Facebook’s Calibra team have published a research paper outlining a new method for Byzantine fault tolerance, or BFT, testing. Termed as “Twins”, it comprises of a lightweight method for testing a network’s BFT implementation.

The testing method runs two instances of a node with the same identity to emulate Byzantine behavior “including equivocation, double voting, and losing internal state.”

Calibra co-creator David Marcus, tweeted:


One of my greatest joys at work is getting to work with some of the brightest and most capable people in the industry.
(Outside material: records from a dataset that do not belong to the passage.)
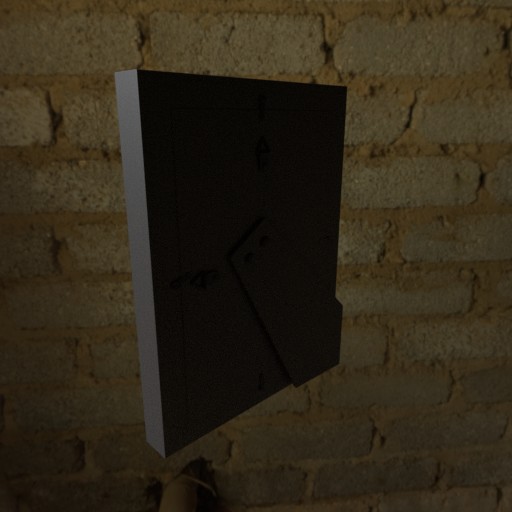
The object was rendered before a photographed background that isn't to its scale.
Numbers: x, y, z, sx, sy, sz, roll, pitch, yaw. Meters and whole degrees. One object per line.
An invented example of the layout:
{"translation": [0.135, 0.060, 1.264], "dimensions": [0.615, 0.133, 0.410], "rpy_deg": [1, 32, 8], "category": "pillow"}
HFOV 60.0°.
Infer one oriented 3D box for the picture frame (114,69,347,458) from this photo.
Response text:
{"translation": [0.000, 0.000, 0.281], "dimensions": [0.157, 0.208, 0.028], "rpy_deg": [-16, 23, -41], "category": "picture frame"}

Here's some cutting edge work on testing BFT implementations by our mighty research team. https://t.co/kCYLBjGiJF — David Marcus (@davidmarcus) April 23, 2020

Calibra asserts that Twins would allow its operator to “systematically generate Byzantine attack scenarios at scale, execute them in a controlled manner, and check for desired protocol properties.”
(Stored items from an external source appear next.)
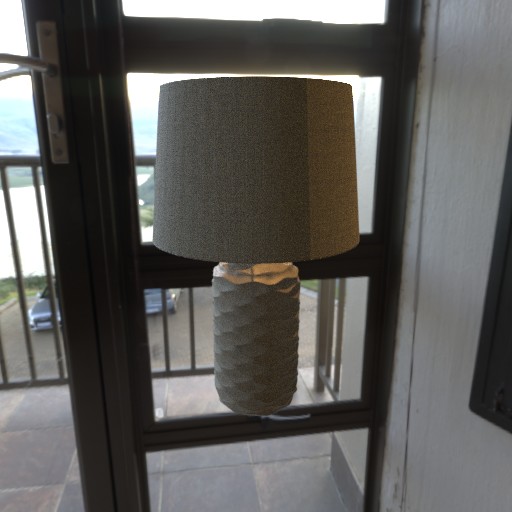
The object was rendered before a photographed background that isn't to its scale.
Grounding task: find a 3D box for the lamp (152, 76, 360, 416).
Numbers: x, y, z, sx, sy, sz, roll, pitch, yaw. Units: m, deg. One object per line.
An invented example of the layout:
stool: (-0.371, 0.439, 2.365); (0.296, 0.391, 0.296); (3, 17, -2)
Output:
lamp: (0.000, 0.000, 0.834); (0.376, 0.594, 0.376); (0, 15, 0)
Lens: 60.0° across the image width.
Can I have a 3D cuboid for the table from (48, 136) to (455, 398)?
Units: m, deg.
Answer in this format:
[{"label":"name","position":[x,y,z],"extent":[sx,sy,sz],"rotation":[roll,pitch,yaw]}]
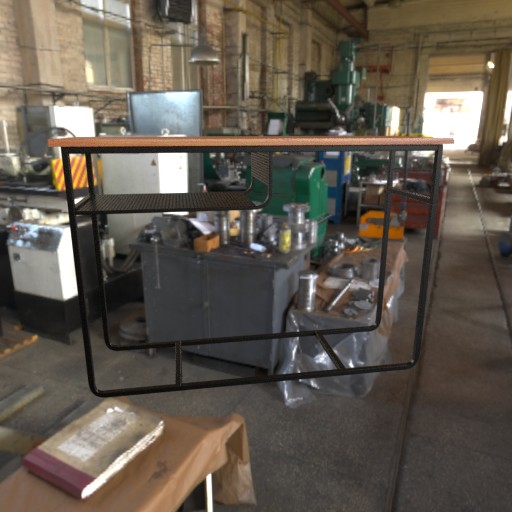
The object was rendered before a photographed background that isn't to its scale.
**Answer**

The paper outlines the use of Twins to recreate several noted attacks on BFT protocols, determining that two of the attacks both of which “took the community more than a decade to discover” would have been identified by Twins “within minutes.”

While the paper asserts that many Byzantine seniors can be identified using the system, the authors admit that “some Byzantine behaviors are not covered by Twins,” including those that do not adhere to the full disclosure of causal past where nodes act deterministically according to previous behavior.